Interview continued 13

c.c. Was Warhol in there?

g.d. I’d always liked him, not for his take on American society but because he made it OK to print badly. After years of people trying to make their prints look like one-offs, he made one-offs that looked like prints, he let everybody enjoy the print quality. But what I was going to say was that repetition of words and phrases is a big part of the poem, it’s called anaphora, that was one of the reasons that I decided to print the pictures offset from the stamps. I saw an equivalent between the text describing the images and images describing the text. One thousand years before Warhol, in caves on the silk route at Tun Huang in western China, Buddhist monks stamped out votive images in neat little rows that immediately make you think of Andy. For me making reference to well known precedents is a way of seeding the work, of paying homage, not cultural rape.

c.c. Like Picasso and African masks?

g.d. It’s a different world today, those things must have appeared in Paris then like moon rocks do now: unknown. But now we all know everything about anything, or imagine that we can find out at the touch of a button.

c.c. Your method of working is established now, the early 90’s. A succession of projects not necessarily related where techniques and materials, usually paper and print are chosen because they comment on and amplify the idea or theme. So I think that I will recognise what comes next but can’t predict the subject matter.

g.d. Coal hole covers

c.c. Exactly!

g.d. I’ve always been interested in Indian Yantras. Some are inscribed on copper, often circular they are mediative plaques that I mostly bought from Henry Brownrigg, whose major enthusiasm for the minor arts is appreciated by many collectors 50. In my mind they connect to the beautiful old metal coal hole covers that litter most London streets. Set into equally delicious paving slabs. Beautifully patinated and for the most part ignored, although strangely, Muir Dawson in Los Angeles 51 who sold my work and republished an important book on marbling had previously put out a little book on the metal covers of L.A.52, which is now a rare item. I had always admired them, mentally collecting and enjoying discovering unusual examples. When I moved to Notting Hill Gate I noticed that there were lots outside those massive white houses so I started photographing them, soon amassing thousands of different models, only choosing ones without makers names on them as I wasn’t interested in the social history of the foundry. I enlarged them back up to 100% and screened them onto India paper in varnish over which I sprinkled metal powders which were later burnished to varying degrees of brilliance, working with gouache on the backgrounds trying to suggest both the paving stone and the Indian manuscript where you might find a yantra illustrated. When I was putting the exhibition of them together for the exhibition in 95,53 an old school friend reminded me that 40 years earlier our primary school teacher Ivor Cutler took us out one day armed with thick black crayons and woody paper to make rubbings of covers in the streets of Camden Town.

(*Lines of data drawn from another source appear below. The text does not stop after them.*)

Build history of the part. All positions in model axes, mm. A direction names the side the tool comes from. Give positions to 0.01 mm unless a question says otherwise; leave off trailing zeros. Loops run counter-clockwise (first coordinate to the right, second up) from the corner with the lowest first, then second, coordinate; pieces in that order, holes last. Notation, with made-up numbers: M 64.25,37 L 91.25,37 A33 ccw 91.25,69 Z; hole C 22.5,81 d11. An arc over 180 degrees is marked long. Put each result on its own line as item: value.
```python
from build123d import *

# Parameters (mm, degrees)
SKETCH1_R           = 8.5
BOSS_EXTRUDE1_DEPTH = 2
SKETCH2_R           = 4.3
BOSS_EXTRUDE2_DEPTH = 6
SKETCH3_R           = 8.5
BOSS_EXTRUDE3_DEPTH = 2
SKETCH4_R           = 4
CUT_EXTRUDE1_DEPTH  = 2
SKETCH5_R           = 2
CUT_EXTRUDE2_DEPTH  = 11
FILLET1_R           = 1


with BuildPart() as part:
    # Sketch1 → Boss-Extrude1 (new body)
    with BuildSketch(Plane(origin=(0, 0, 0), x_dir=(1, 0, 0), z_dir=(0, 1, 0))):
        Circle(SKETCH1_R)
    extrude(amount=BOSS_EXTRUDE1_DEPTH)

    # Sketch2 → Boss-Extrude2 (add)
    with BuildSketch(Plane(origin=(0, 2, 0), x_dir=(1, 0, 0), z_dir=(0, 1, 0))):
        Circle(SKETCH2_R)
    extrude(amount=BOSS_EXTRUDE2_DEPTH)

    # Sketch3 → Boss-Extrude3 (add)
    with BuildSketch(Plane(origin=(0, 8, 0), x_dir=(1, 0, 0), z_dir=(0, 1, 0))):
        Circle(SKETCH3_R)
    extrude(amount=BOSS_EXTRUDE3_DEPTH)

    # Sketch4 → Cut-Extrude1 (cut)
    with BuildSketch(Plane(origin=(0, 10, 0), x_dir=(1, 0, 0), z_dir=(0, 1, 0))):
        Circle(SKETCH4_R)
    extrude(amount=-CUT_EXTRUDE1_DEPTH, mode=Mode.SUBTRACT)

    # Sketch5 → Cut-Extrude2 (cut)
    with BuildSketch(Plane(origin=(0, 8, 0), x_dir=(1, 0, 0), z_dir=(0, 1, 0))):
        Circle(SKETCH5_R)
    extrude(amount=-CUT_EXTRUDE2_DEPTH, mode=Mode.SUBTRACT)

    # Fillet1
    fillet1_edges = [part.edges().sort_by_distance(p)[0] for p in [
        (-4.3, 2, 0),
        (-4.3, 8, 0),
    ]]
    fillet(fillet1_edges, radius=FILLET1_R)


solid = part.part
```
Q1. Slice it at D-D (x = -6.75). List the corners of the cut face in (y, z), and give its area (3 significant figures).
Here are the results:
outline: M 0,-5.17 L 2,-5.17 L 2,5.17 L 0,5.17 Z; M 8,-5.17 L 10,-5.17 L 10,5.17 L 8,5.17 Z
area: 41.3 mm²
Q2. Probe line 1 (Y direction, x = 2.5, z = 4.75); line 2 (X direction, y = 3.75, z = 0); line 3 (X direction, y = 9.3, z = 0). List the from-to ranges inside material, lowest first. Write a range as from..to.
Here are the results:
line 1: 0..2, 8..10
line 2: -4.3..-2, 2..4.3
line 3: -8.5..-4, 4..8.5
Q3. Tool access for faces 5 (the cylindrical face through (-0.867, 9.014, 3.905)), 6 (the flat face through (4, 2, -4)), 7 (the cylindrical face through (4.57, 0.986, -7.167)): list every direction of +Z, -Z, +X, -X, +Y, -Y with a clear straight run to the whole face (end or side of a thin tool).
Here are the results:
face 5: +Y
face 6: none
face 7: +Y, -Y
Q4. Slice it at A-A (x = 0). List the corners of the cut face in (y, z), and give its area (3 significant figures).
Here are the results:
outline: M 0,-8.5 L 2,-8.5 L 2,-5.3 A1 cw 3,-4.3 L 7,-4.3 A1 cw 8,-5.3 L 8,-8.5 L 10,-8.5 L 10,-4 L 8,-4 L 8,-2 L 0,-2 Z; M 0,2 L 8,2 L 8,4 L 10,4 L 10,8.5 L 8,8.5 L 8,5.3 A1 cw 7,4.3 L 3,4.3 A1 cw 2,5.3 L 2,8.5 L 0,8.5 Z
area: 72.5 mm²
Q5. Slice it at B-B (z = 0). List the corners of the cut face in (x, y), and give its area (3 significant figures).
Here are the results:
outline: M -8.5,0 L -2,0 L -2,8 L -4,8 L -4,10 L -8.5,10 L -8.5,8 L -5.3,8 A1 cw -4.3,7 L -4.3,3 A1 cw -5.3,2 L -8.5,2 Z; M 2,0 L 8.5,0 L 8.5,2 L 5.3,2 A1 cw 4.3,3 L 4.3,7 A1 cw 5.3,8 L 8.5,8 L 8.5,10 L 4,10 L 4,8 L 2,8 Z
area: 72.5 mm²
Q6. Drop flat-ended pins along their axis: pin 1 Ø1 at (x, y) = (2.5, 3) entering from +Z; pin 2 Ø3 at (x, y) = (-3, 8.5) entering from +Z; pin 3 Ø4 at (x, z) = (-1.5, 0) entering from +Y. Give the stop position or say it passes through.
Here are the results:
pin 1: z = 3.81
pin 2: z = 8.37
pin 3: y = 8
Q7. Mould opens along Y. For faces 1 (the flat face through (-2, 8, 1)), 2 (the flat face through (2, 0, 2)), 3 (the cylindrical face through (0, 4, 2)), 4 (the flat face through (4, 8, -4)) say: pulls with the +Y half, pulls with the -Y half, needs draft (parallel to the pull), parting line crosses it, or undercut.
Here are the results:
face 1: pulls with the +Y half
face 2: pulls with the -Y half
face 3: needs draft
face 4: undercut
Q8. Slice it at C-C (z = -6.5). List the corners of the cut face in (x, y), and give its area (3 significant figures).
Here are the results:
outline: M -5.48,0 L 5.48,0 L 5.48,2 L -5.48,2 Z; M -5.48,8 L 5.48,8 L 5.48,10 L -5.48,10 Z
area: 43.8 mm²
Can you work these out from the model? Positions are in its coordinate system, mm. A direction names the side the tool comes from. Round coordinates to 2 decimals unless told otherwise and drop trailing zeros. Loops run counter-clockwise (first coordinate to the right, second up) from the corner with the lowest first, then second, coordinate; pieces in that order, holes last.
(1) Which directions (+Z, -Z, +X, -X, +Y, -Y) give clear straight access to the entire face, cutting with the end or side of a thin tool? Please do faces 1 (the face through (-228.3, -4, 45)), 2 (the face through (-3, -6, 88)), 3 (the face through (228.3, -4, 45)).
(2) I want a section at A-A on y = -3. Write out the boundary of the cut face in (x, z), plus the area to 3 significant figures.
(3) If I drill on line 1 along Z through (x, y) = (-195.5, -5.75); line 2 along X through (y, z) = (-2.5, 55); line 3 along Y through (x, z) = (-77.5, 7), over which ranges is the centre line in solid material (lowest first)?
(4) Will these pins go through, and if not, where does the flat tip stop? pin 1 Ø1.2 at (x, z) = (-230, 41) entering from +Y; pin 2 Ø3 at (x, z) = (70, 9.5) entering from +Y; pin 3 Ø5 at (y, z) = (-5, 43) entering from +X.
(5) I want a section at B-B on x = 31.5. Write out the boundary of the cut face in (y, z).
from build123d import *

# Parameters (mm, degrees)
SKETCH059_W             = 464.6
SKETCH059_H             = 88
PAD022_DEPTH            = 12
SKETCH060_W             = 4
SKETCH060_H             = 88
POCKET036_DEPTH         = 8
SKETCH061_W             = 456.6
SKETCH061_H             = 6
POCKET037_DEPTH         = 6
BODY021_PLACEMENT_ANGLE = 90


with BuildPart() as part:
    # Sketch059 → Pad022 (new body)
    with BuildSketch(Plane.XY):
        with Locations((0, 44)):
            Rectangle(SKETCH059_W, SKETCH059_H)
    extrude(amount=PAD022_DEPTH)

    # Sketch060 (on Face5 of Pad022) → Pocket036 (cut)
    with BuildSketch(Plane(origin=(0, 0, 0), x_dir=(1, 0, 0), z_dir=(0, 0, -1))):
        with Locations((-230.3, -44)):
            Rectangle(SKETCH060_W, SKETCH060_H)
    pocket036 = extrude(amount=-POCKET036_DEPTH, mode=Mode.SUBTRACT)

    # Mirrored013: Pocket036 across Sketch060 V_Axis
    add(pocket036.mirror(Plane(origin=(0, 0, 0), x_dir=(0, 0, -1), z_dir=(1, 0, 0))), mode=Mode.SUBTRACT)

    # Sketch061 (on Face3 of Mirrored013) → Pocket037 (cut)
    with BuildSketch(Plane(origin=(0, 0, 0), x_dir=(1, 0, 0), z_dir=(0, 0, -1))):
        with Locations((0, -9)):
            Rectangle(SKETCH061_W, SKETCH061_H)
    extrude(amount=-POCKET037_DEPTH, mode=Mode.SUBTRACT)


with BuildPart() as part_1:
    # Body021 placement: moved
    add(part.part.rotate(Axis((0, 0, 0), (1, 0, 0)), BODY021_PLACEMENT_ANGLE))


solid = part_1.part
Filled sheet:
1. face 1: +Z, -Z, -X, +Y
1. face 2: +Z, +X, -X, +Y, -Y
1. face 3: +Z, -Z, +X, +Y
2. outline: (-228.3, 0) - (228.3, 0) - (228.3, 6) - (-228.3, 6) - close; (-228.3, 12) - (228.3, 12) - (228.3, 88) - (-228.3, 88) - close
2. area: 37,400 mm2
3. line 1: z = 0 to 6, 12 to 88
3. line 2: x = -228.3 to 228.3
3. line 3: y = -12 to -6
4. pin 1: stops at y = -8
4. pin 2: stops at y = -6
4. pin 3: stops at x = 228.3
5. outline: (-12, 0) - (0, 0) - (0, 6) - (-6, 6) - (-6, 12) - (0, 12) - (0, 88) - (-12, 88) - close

c.c. He’s a cult figure now.

g.d. He was back then. I remember being struck by his odd socks. I had always imagined that my interest in yantras had come as a student discovering indian art but maybe that early exercise in frottage was responsible.

c.c. What determined the decoration on the coal hole covers, why are they always round?

g.d. The patterns were to stop people slipping on them and they were round to prevent the lids from falling down the hole, seeing as how they were lifted up and down regularly. From there I went on to develop the theme which I called URBAN YANTRAS  by keeping a metallic figure on a distressed ground and made a series of shallow reliefs of common shapes in gilded resin attatched to sheets of old Indian paper of double square format that I had got from Nigel McFarland 54. I tried to make a compendium of shapes that would be recognizable and meaningful to all cultures; moon, teardrop, undulating curve, spiral, things like that.


Notes
50 At Portobello Market in London
51 Dawson’s Antiquarian Books
52 Manhole Covers of Los Angeles by Robert & Mimi Melnick 1974
53 Urban Yantras. Leighton House Museum. London. 16-27 May 1995
54 Khadi Papers. Paper merchants and importers.